Your task is to repeat the entries underneath exactly, minus the pictures.
+++
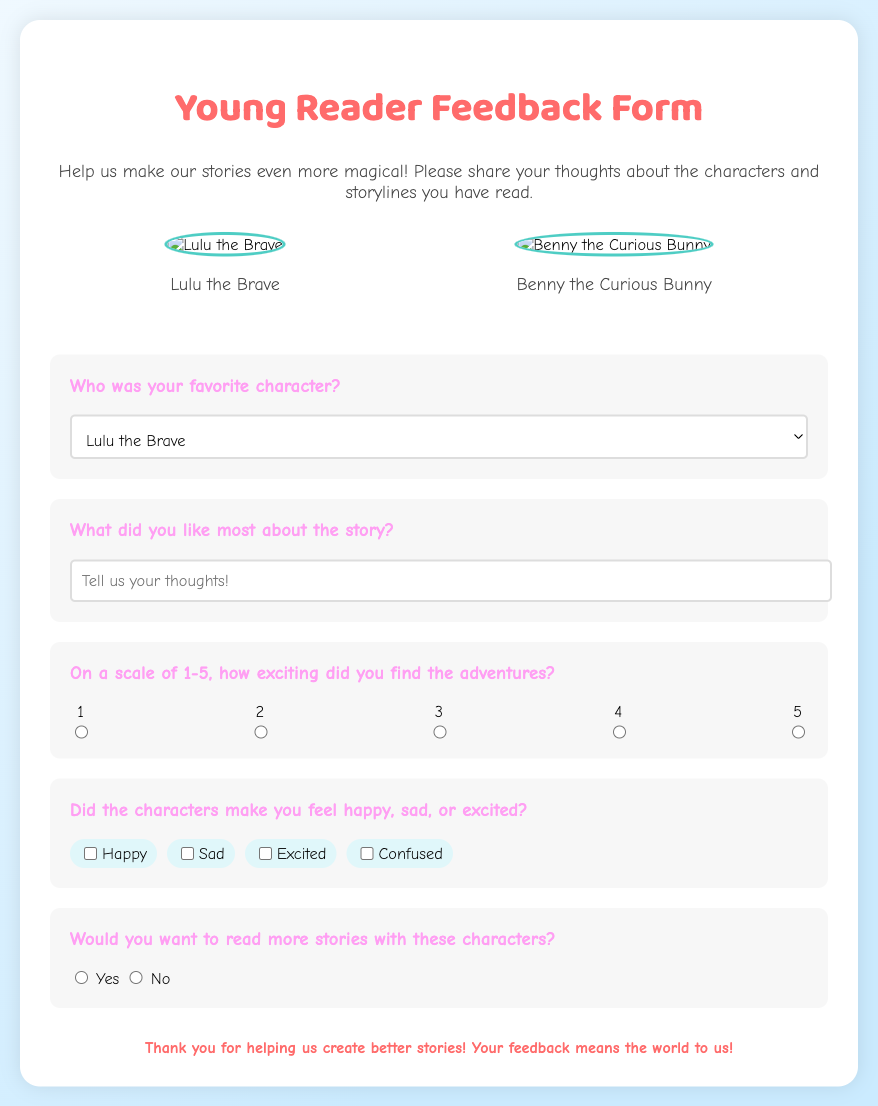What is the title of the feedback form? The title is prominently displayed at the top of the document, identifying the purpose of the form.
Answer: Young Reader Feedback Form How many characters are featured in the feedback form? The feedback form displays images and names of two characters in the characters section.
Answer: 2 What is the name of the character represented by the second image? The second character's name is shown below the corresponding image in the characters section.
Answer: Benny the Curious Bunny What scale is used to rate the excitement of the adventures? The document specifies a range for rating excitement in a clear and simple format.
Answer: 1-5 What can readers select as an option for expressing their feelings about the characters? The document provides multiple feelings in a checkbox format, allowing readers to select their responses.
Answer: Happy, Sad, Excited, Confused What is the background color gradient of the feedback form? The visual appearance of the document includes a color gradient, which adds to its design.
Answer: Light blue to light teal How does the feedback form show appreciation for responses? The document includes a thank-you message to express gratitude to the readers for their feedback.
Answer: Thank you for helping us create better stories! 
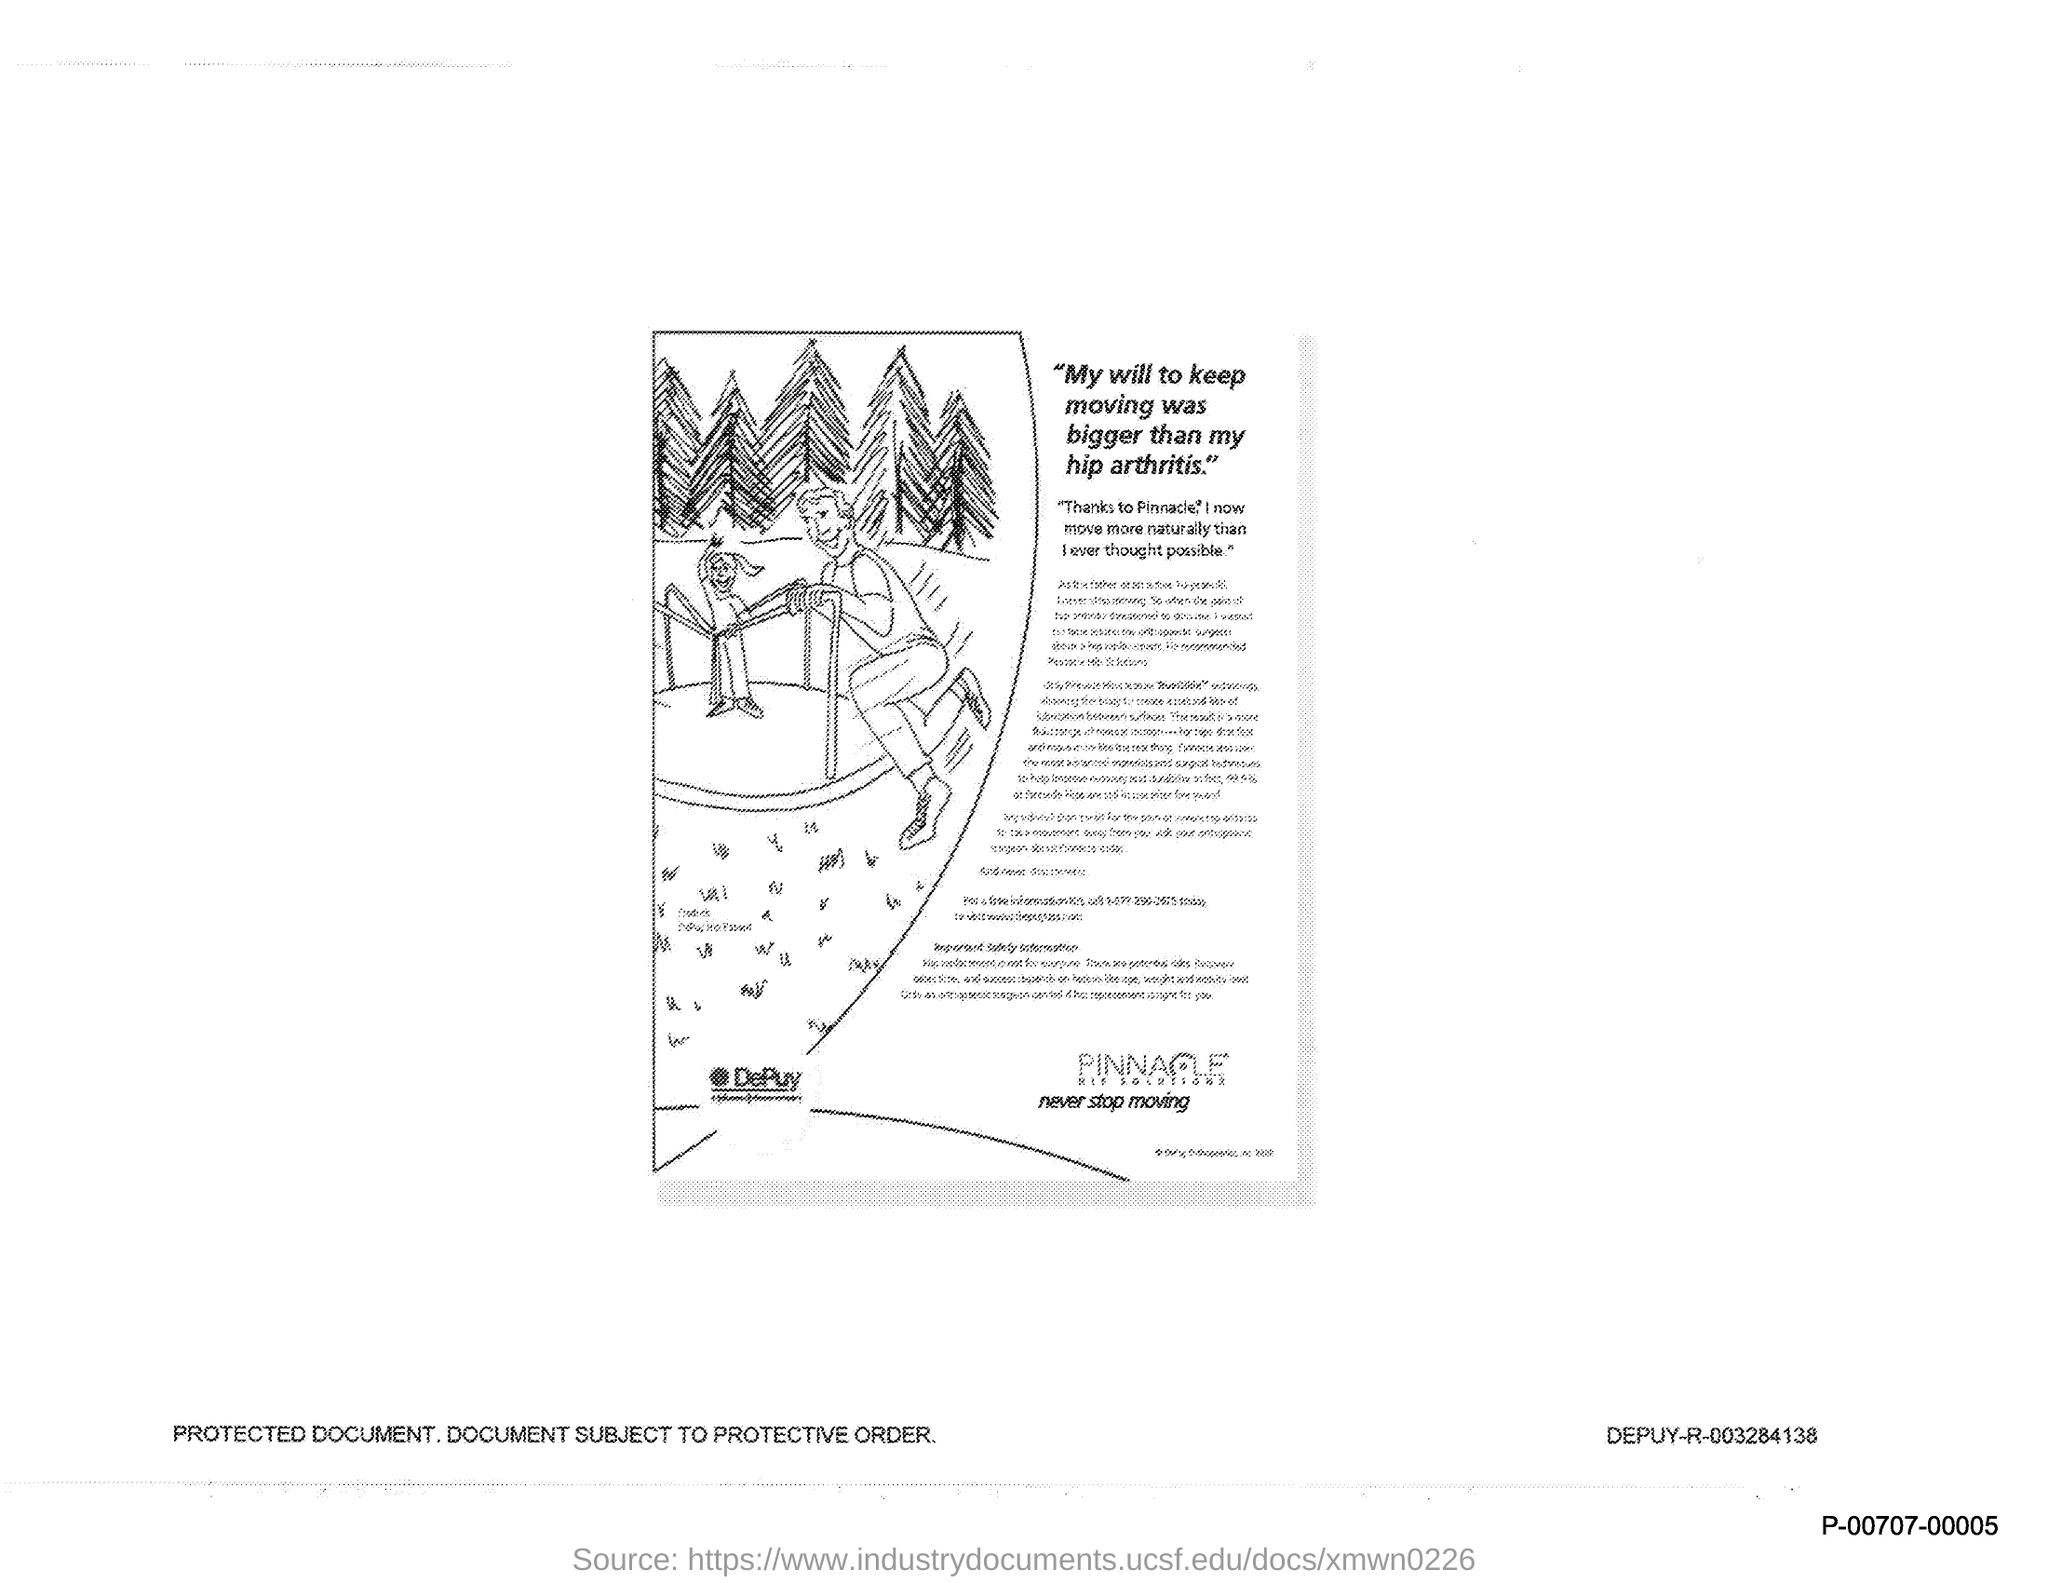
+++
=== ANSWER ===
What is the title of the feedback form? The title is prominently displayed at the top of the document, identifying the purpose of the form.
Answer: Young Reader Feedback Form How many characters are featured in the feedback form? The feedback form displays images and names of two characters in the characters section.
Answer: 2 What is the name of the character represented by the second image? The second character's name is shown below the corresponding image in the characters section.
Answer: Benny the Curious Bunny What scale is used to rate the excitement of the adventures? The document specifies a range for rating excitement in a clear and simple format.
Answer: 1-5 What can readers select as an option for expressing their feelings about the characters? The document provides multiple feelings in a checkbox format, allowing readers to select their responses.
Answer: Happy, Sad, Excited, Confused What is the background color gradient of the feedback form? The visual appearance of the document includes a color gradient, which adds to its design.
Answer: Light blue to light teal How does the feedback form show appreciation for responses? The document includes a thank-you message to express gratitude to the readers for their feedback.
Answer: Thank you for helping us create better stories! 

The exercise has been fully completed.